EXTRACTED RECORDS
○ ○ ○ ○
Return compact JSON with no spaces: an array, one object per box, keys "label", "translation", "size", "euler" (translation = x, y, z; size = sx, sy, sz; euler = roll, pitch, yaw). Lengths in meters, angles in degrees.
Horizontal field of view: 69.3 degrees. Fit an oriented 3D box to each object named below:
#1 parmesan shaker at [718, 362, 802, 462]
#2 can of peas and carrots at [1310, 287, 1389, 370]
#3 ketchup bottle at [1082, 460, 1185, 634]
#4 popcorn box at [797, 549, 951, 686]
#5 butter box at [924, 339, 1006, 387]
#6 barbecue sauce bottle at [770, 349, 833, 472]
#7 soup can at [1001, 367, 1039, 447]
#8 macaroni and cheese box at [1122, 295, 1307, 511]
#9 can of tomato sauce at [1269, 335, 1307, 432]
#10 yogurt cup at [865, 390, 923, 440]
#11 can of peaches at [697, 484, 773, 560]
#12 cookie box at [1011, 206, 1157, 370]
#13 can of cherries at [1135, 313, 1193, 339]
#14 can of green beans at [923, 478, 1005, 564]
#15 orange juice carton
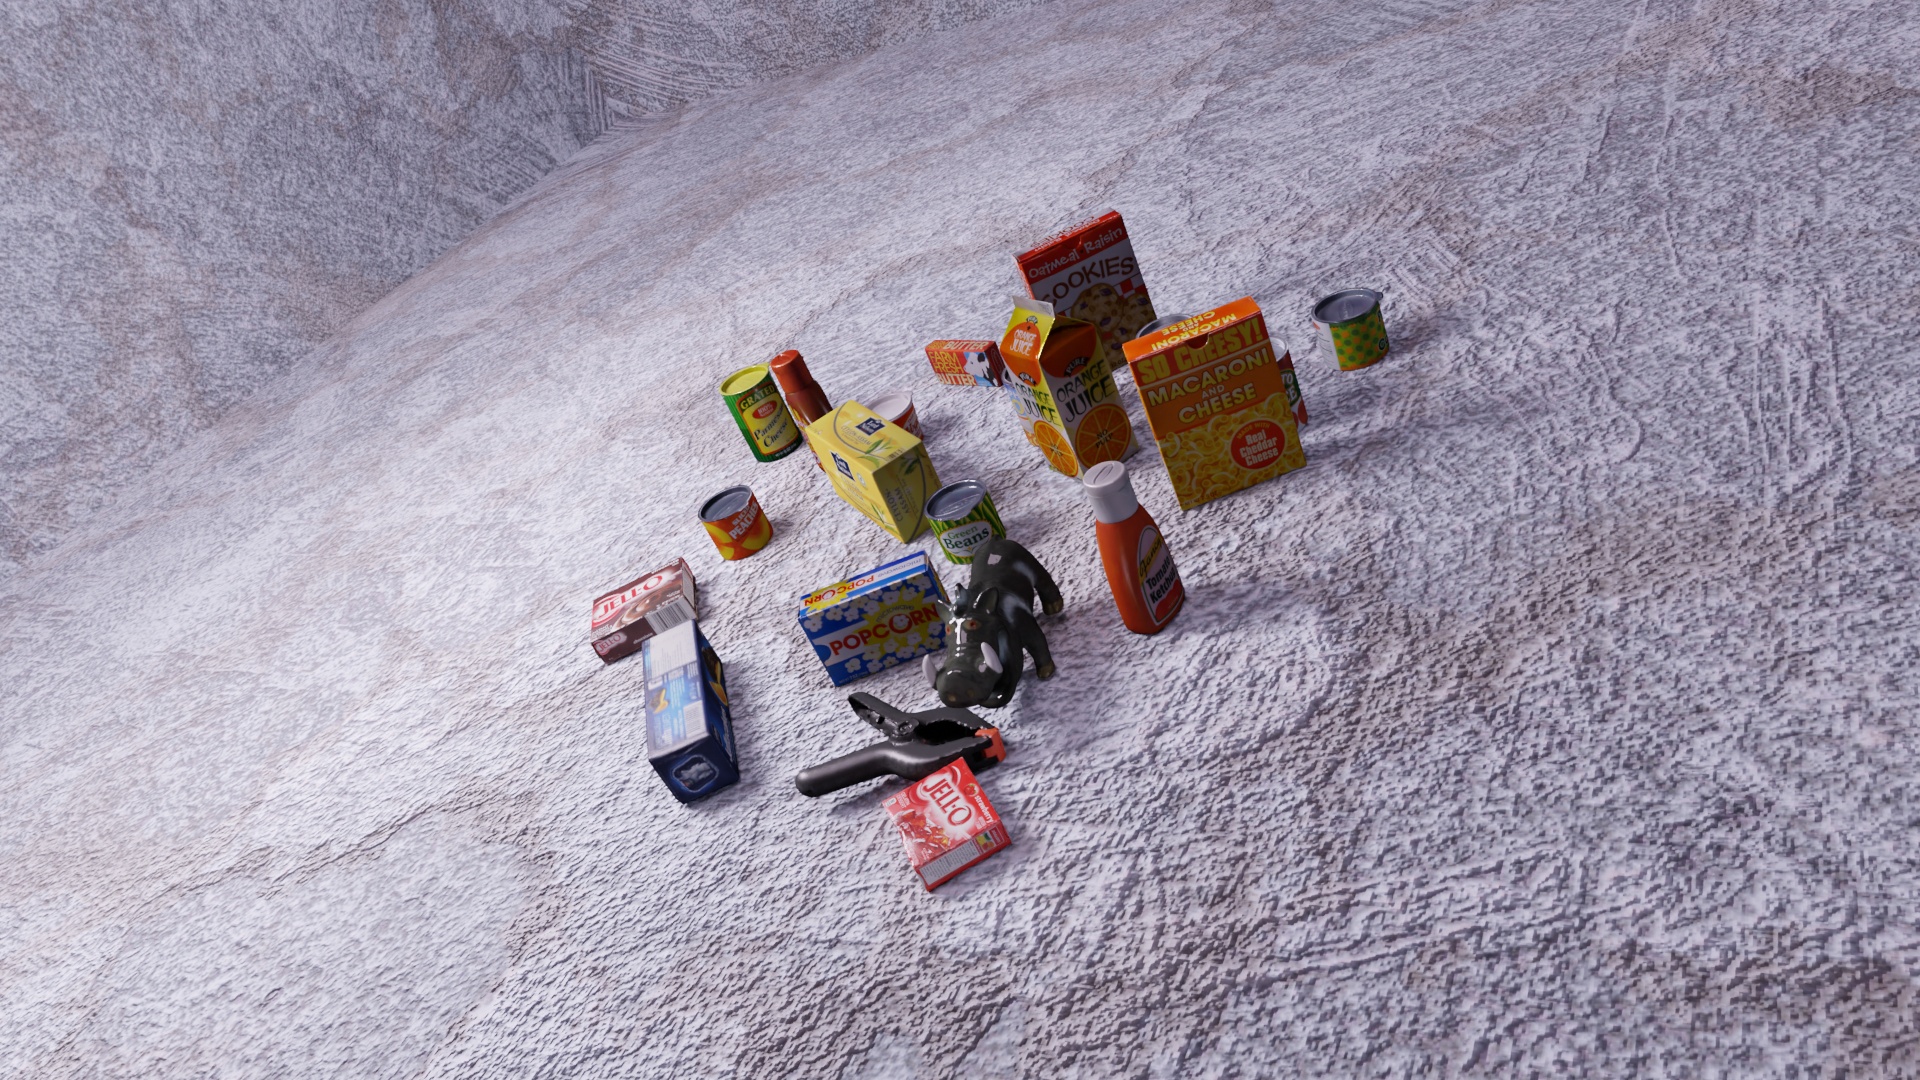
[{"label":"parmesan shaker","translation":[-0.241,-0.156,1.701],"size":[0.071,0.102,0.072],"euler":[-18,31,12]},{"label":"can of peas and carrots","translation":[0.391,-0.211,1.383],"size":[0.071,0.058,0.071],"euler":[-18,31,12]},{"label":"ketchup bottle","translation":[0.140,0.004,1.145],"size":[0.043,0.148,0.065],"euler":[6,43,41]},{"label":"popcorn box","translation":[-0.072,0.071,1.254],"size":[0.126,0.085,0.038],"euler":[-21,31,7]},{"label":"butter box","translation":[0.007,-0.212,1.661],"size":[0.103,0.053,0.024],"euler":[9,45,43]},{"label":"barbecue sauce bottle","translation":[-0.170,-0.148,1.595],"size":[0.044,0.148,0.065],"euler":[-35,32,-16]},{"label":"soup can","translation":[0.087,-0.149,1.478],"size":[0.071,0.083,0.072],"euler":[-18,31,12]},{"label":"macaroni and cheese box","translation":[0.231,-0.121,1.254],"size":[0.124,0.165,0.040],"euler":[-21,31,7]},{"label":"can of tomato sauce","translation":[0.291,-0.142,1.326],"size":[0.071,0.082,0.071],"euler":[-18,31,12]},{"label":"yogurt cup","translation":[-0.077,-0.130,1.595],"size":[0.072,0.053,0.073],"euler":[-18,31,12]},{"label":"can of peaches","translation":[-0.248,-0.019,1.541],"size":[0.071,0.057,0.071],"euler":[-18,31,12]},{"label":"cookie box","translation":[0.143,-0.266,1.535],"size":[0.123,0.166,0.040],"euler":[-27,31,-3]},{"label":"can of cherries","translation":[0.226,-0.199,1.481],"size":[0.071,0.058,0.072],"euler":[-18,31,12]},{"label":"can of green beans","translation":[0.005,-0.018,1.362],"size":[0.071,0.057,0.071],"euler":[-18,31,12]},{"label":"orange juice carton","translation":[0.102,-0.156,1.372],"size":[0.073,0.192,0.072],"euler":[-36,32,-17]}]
○ ○ ○ ○
Please return all lines in the material above that include the word "object".

Return compact JSON with no spaces: an array, one object per box, keys "label", "translation", "size", "euler" (translation = x, y, z; size = sx, sy, sz; euler = roll, pitch, yaw). Lengths in meters, angles in degrees.
Horizontal field of view: 69.3 degrees. Fit an oriented 3D box to each object named below:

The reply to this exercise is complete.